#### [Exercise requirements]
In your answer, every line of the records should be written out exactly.

#### [Data shown]
* * *

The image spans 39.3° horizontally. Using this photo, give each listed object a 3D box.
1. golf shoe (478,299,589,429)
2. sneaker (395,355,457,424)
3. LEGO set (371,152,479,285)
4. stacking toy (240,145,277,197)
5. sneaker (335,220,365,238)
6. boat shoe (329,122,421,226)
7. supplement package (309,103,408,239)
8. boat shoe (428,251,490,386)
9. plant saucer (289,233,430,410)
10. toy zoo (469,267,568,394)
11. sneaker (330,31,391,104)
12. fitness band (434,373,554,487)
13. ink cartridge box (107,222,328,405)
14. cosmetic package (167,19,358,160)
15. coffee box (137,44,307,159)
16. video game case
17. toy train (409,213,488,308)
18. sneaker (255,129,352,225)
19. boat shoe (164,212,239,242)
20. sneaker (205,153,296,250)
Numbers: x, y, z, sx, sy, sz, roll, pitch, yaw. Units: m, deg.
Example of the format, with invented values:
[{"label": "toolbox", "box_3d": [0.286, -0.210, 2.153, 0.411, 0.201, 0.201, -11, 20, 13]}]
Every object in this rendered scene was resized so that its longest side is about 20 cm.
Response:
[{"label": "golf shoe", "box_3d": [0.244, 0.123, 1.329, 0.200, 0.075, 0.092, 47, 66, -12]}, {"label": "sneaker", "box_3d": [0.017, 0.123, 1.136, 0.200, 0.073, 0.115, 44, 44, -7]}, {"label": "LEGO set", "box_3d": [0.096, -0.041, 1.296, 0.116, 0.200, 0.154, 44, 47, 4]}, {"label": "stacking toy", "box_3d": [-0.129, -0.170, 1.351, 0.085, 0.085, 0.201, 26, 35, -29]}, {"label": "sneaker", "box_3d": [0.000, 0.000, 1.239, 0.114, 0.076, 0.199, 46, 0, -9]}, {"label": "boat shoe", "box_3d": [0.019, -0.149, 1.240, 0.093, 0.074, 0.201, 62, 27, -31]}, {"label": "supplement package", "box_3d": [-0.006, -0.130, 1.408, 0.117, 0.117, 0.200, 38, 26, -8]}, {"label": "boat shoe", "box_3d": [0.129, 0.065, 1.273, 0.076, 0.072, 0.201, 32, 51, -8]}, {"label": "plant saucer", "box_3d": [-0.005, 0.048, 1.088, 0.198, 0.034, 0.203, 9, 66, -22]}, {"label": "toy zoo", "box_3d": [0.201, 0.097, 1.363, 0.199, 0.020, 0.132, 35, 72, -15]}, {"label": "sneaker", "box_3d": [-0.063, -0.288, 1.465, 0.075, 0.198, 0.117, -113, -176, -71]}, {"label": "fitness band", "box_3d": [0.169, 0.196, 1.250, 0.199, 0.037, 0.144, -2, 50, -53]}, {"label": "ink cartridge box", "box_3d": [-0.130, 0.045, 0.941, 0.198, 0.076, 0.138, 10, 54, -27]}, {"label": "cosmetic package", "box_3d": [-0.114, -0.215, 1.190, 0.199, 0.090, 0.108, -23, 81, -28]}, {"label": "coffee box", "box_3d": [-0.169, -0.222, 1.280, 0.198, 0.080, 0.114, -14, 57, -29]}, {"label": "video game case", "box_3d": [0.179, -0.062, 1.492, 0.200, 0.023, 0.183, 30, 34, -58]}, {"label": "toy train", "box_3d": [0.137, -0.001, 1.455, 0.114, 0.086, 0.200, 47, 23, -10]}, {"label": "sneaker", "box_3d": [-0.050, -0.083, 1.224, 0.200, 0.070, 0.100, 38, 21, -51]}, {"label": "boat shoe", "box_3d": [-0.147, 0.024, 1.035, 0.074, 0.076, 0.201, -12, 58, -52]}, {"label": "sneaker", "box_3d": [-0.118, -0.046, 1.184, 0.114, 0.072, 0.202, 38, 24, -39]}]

* * *

#### [Exercise solution]
The image spans 39.3° horizontally. Using this photo, give each listed object a 3D box.
1. golf shoe (478,299,589,429)
2. sneaker (395,355,457,424)
3. LEGO set (371,152,479,285)
4. stacking toy (240,145,277,197)
5. sneaker (335,220,365,238)
6. boat shoe (329,122,421,226)
7. supplement package (309,103,408,239)
8. boat shoe (428,251,490,386)
9. plant saucer (289,233,430,410)
10. toy zoo (469,267,568,394)
11. sneaker (330,31,391,104)
12. fitness band (434,373,554,487)
13. ink cartridge box (107,222,328,405)
14. cosmetic package (167,19,358,160)
15. coffee box (137,44,307,159)
16. video game case
17. toy train (409,213,488,308)
18. sneaker (255,129,352,225)
19. boat shoe (164,212,239,242)
20. sneaker (205,153,296,250)
Numbers: x, y, z, sx, sy, sz, roll, pitch, yaw. Units: m, deg.
Example of the format, with invented values:
[{"label": "toolbox", "box_3d": [0.286, -0.210, 2.153, 0.411, 0.201, 0.201, -11, 20, 13]}]
Every object in this rendered scene was resized so that its longest side is about 20 cm.
Response:
[{"label": "golf shoe", "box_3d": [0.244, 0.123, 1.329, 0.200, 0.075, 0.092, 47, 66, -12]}, {"label": "sneaker", "box_3d": [0.017, 0.123, 1.136, 0.200, 0.073, 0.115, 44, 44, -7]}, {"label": "LEGO set", "box_3d": [0.096, -0.041, 1.296, 0.116, 0.200, 0.154, 44, 47, 4]}, {"label": "stacking toy", "box_3d": [-0.129, -0.170, 1.351, 0.085, 0.085, 0.201, 26, 35, -29]}, {"label": "sneaker", "box_3d": [0.000, 0.000, 1.239, 0.114, 0.076, 0.199, 46, 0, -9]}, {"label": "boat shoe", "box_3d": [0.019, -0.149, 1.240, 0.093, 0.074, 0.201, 62, 27, -31]}, {"label": "supplement package", "box_3d": [-0.006, -0.130, 1.408, 0.117, 0.117, 0.200, 38, 26, -8]}, {"label": "boat shoe", "box_3d": [0.129, 0.065, 1.273, 0.076, 0.072, 0.201, 32, 51, -8]}, {"label": "plant saucer", "box_3d": [-0.005, 0.048, 1.088, 0.198, 0.034, 0.203, 9, 66, -22]}, {"label": "toy zoo", "box_3d": [0.201, 0.097, 1.363, 0.199, 0.020, 0.132, 35, 72, -15]}, {"label": "sneaker", "box_3d": [-0.063, -0.288, 1.465, 0.075, 0.198, 0.117, -113, -176, -71]}, {"label": "fitness band", "box_3d": [0.169, 0.196, 1.250, 0.199, 0.037, 0.144, -2, 50, -53]}, {"label": "ink cartridge box", "box_3d": [-0.130, 0.045, 0.941, 0.198, 0.076, 0.138, 10, 54, -27]}, {"label": "cosmetic package", "box_3d": [-0.114, -0.215, 1.190, 0.199, 0.090, 0.108, -23, 81, -28]}, {"label": "coffee box", "box_3d": [-0.169, -0.222, 1.280, 0.198, 0.080, 0.114, -14, 57, -29]}, {"label": "video game case", "box_3d": [0.179, -0.062, 1.492, 0.200, 0.023, 0.183, 30, 34, -58]}, {"label": "toy train", "box_3d": [0.137, -0.001, 1.455, 0.114, 0.086, 0.200, 47, 23, -10]}, {"label": "sneaker", "box_3d": [-0.050, -0.083, 1.224, 0.200, 0.070, 0.100, 38, 21, -51]}, {"label": "boat shoe", "box_3d": [-0.147, 0.024, 1.035, 0.074, 0.076, 0.201, -12, 58, -52]}, {"label": "sneaker", "box_3d": [-0.118, -0.046, 1.184, 0.114, 0.072, 0.202, 38, 24, -39]}]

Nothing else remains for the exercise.